- Так, отставить! Девочкам в катакомбах не место. - продолжал командовать профессионал, снимая чёрное пальто. - Уведите их, от греха. Сам полезу, тут может быть опасно.
- Братан, давай всё‑таки я в этот лабиринт Минотавра полезу. - предложил бесстрашный опер, - Тебя мне наш Генералиссимус не простит, ежели чего. К тому же я у нас во Владике все форты шпаной облазил, в любом лабиринте с любым зверьём разберусь. Я ж фартовый!
Убедившись, что пожилой криминалист галантно вывел дам из комнаты, где запоздало догадался включить свет, понтоватый сыщик согласился с доводами друга исключительно из‑за своих «мощных плечей», не совпадающих с размерами потайного хода. Мелкий парень в считанные мгновения совершил спуск в таинственное подземелье, откуда несло терпкой сыростью с примесью характерных ароматов стройматериалов.

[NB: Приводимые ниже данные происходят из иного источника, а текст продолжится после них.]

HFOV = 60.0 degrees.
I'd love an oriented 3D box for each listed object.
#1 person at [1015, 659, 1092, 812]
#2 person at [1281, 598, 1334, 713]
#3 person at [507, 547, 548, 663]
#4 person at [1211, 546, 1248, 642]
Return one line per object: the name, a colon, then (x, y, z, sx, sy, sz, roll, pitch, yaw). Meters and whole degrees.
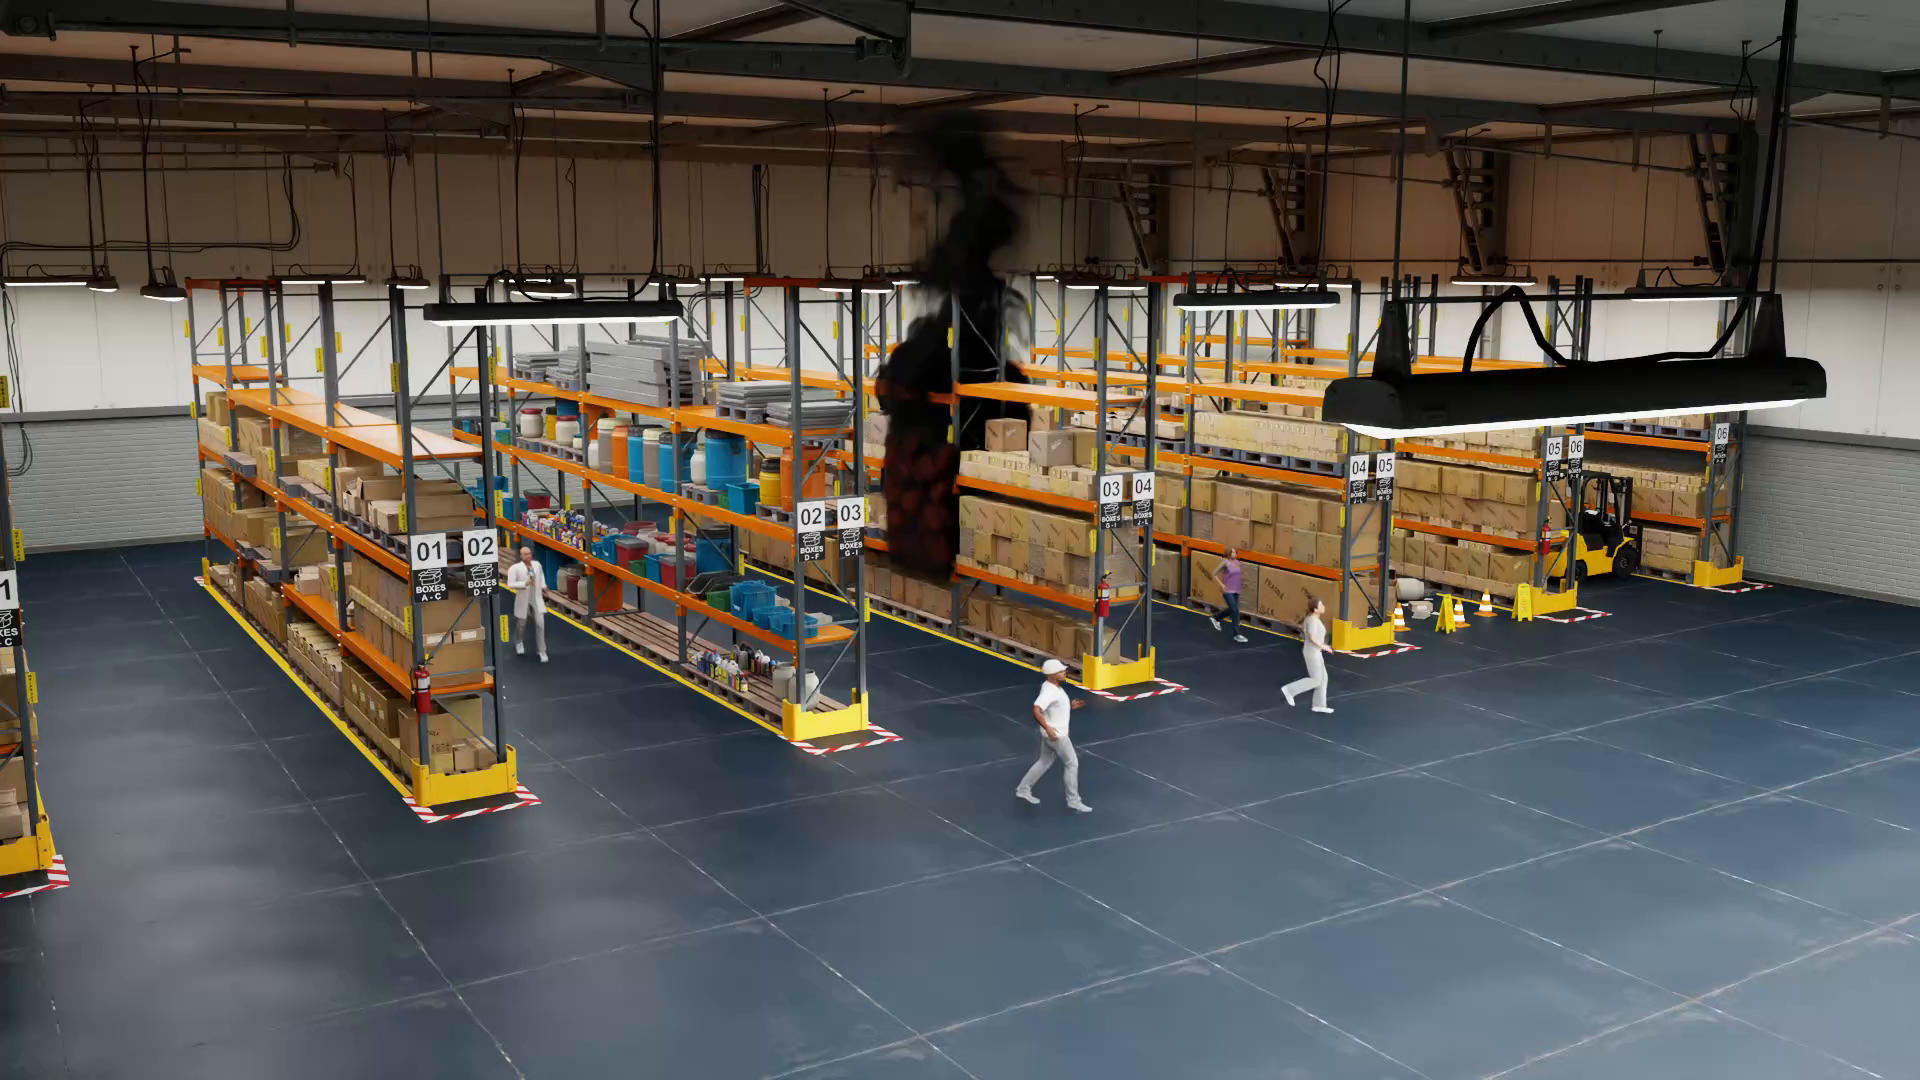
person: (1.087, 2.253, 19.190, 0.880, 1.797, 0.686, -1, 10, -6)
person: (4.923, 1.625, 23.487, 0.757, 1.656, 0.573, 1, 10, 5)
person: (-6.903, 1.031, 26.593, 0.692, 1.687, 1.004, -6, 11, -33)
person: (4.527, 0.886, 27.959, 0.545, 1.561, 0.864, -8, 12, -40)
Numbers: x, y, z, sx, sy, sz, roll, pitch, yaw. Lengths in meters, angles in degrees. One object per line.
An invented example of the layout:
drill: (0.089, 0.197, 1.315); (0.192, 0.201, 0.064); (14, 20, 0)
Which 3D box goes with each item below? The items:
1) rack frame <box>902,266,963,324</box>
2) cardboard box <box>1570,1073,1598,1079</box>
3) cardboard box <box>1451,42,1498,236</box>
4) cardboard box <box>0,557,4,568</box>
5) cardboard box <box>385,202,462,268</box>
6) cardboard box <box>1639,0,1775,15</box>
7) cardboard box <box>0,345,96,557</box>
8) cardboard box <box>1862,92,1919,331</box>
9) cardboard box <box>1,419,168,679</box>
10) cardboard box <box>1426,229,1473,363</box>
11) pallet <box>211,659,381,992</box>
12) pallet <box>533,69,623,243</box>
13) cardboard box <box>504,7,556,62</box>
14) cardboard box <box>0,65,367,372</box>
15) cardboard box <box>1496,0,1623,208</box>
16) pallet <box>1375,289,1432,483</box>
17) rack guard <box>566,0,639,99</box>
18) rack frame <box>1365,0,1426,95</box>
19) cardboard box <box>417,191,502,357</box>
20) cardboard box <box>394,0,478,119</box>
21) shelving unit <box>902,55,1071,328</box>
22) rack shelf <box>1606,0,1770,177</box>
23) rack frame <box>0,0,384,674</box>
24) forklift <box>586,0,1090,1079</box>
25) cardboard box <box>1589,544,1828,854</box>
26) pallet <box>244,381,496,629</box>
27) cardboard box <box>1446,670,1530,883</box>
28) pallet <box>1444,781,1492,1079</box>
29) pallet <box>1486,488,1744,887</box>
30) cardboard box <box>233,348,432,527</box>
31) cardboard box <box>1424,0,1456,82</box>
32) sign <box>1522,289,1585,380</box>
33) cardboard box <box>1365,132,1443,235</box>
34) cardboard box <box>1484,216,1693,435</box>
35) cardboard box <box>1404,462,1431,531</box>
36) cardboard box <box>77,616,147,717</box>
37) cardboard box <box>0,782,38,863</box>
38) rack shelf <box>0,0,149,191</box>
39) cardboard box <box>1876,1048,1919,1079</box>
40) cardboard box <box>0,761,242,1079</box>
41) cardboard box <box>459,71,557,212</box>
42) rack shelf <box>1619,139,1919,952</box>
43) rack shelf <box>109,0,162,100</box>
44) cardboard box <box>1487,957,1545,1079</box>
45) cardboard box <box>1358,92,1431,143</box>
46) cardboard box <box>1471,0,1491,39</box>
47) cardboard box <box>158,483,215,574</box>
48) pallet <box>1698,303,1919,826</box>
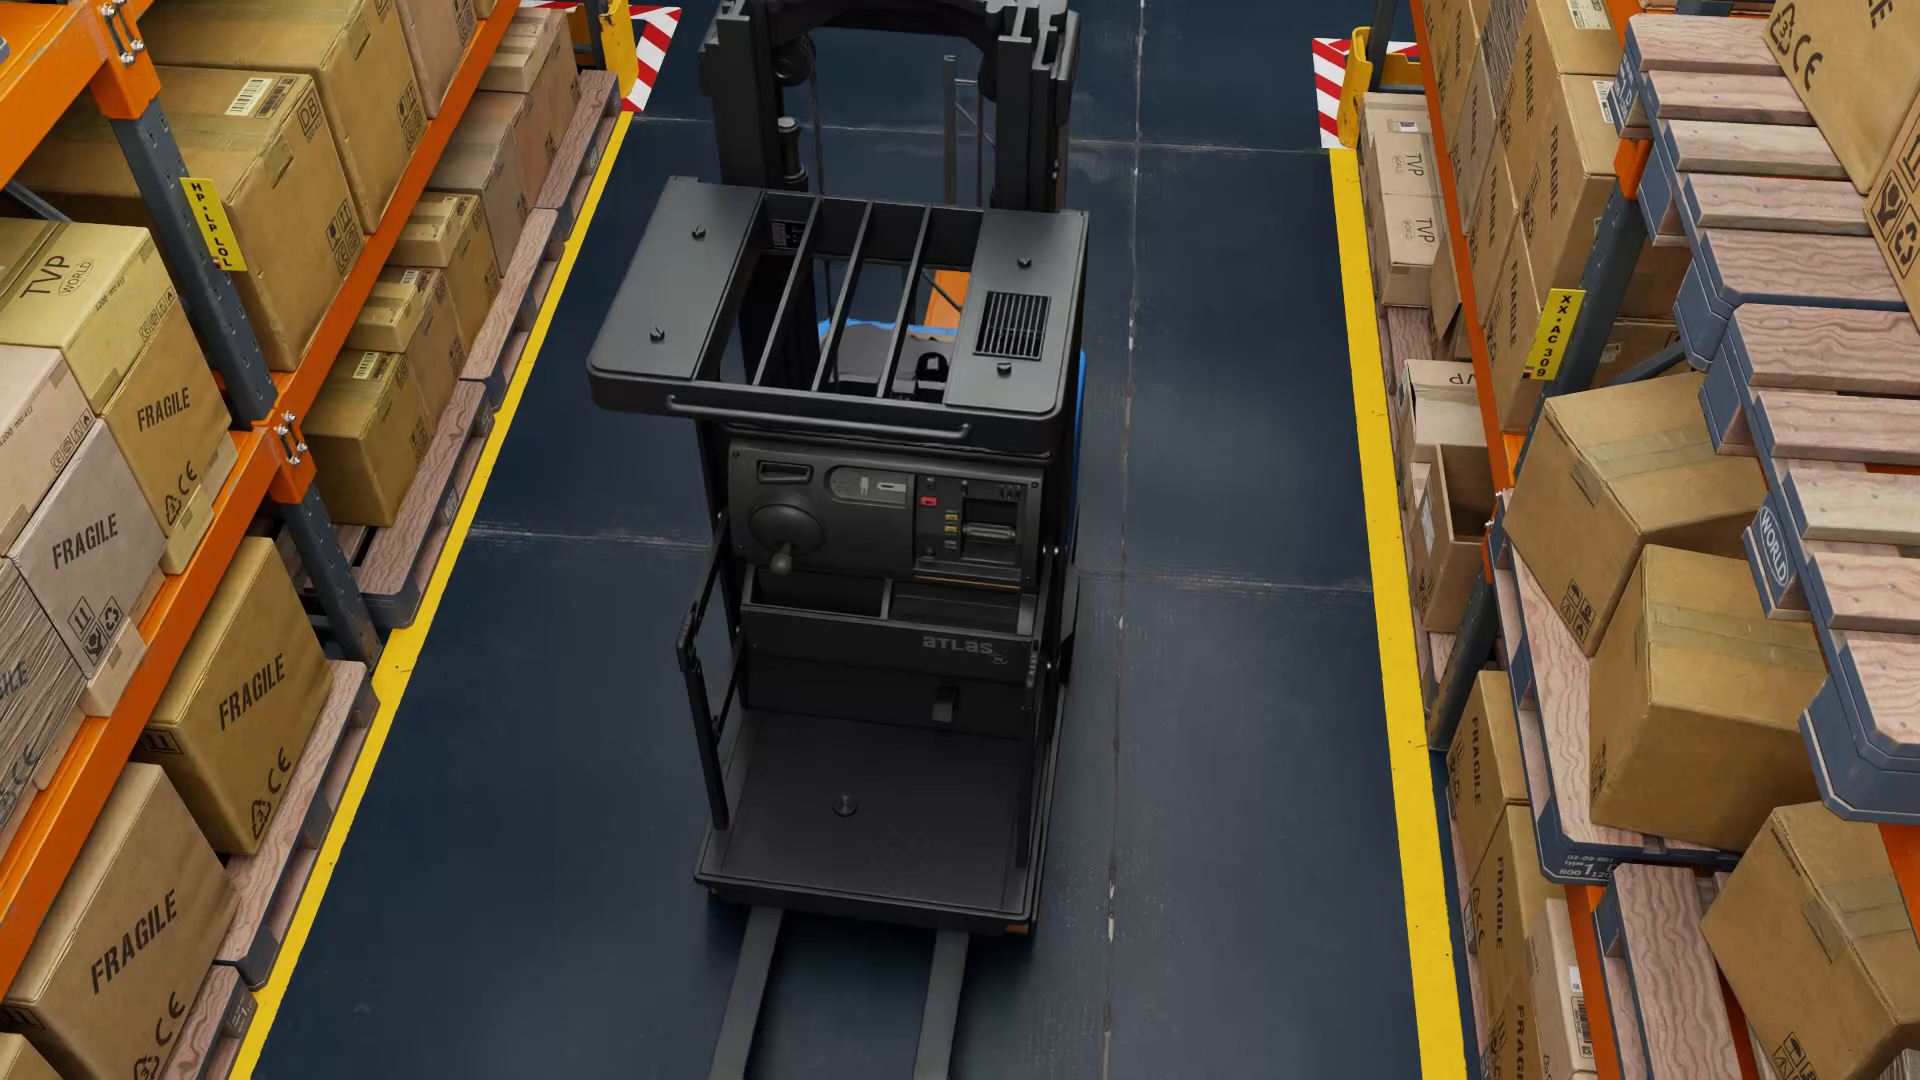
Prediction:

- Ё‑ёп‑ти... - раздался из адской бездны его далёкий возглас спустя томильные минуты ожидания. - Горец, да тут такое, что ни словами сказать...
- Что там? Фартовый, не томи! - агонизировал побагровевший сыщик. Одним плечом и головой он торчал из облупленного потолка подвала, разнесённого неизвестными вандалами. Спустя мгновение из пробитой стены соседского подвала, брезент с которой оперативник, не колеблясь, сорвал, показался побледневший опер. Он картинно подбрасывал вверх, словно теннисный мячик, какой‑то чёрный обугленный клубок. - Что за чёрт?! - пылко, но пока непонимающе спросил Горский, решив всеми силами протиснуться целиком в дверцу, словно рассчитанную на пигмеев.
- Не знаю, не представился. - беззаботно прикалывался Юрков. И почти под нос пытливому следователю была услужливо подсунута мумифицированного голова африканца. - Чернослив заказывали?
Глава III. На дне болота
Вновь укоризненная пустота. Белый лист перед глазами, словно был полной проекцией мысленного хранилища неизвестного самому себе мужчины, когда он с трудом разлепил свои выцветшие глаза. Точь в точь, как и в голове, на побеленном множество лет назад потолке больничной палаты темнели пятна, обширные трещины и мелкий кракелюр. Ржавый ореол водосточных труб, напоминал засохшие кровоподтёки и многочисленные гематомы на сказочно везучем пациенте без единого удостоверяющего документа. А что, собственно такого? Какие претензии к Минздраву, если интерьер должен соответствовать наружности его обитателей. Не место красит человека, но... Маргинальное окружение непомнящего Николая только усугубляло безобразный упадок больничного отсека для малоимущих и асоциальных элементов. Их хриплый смех и бредовая брань выдернули живучую жертву страшного ДТП из долгого сна.
Действие анестезии заканчивалось и потому нестерпимо хотелось пить или окончательно добить мучимый болью и судорогами организм. На соседней койке монотонно раскачивался и хрипел забитыми лёгкими люмпен с круглой плешью на голове. Он перехватил растерянный взгляд новичка и подмигнул ему бордовым от побоев или заскорузлого похмелья глазом.
- С днём рождения! - просипел он, но торжественности в обречённом голосе плешивого люмпена не было. - Говорят, тебя из мясорубки такой достали, что мама не горюй! Видать не из наших...
- Из каких ваших? - безжизненно прошептал Николай, голова и руки которого была почти полностью перебинтована, как у Шарикова.
- Из бомжей, знамо дело. Здесь тебе не партийный сбор! - горький смех маргинального шутника теперь отзывался жутковатых рёвом умирающего зверя. Ему вторили ещё несколько побитых жизнью мужчин и одна старушка с испитым лицом. Пришедший в себя пациент пошелохнулся, чтобы привстать и ощутил под простынёй свою наготу.
- Почему я голый? - стыдливо спросил он.
- Так это... Ты где‑то видал, чтобы в смокинге рождались. Хотя, фельдшер как раз говорил, будто ты в рубашке родился. - ответил весёлый бомж, но неуместный сарказм его поддерживали не все представители клуба отверженных, и из дальнего угла палаты раздался голос единственного трезвомыслящего в палате человека:
- Вас же из реанимации привезли. Там все, простите, в чём мама родила. Не бойтесь, вещи ваши в сохранности, там. - питерский интеллигент, опустившийся на социальное дно по неизвестным причинам, кивнул своим сухим и тонким, как трость, лицом на раритетную тумбочку, рядом с койкой Николая.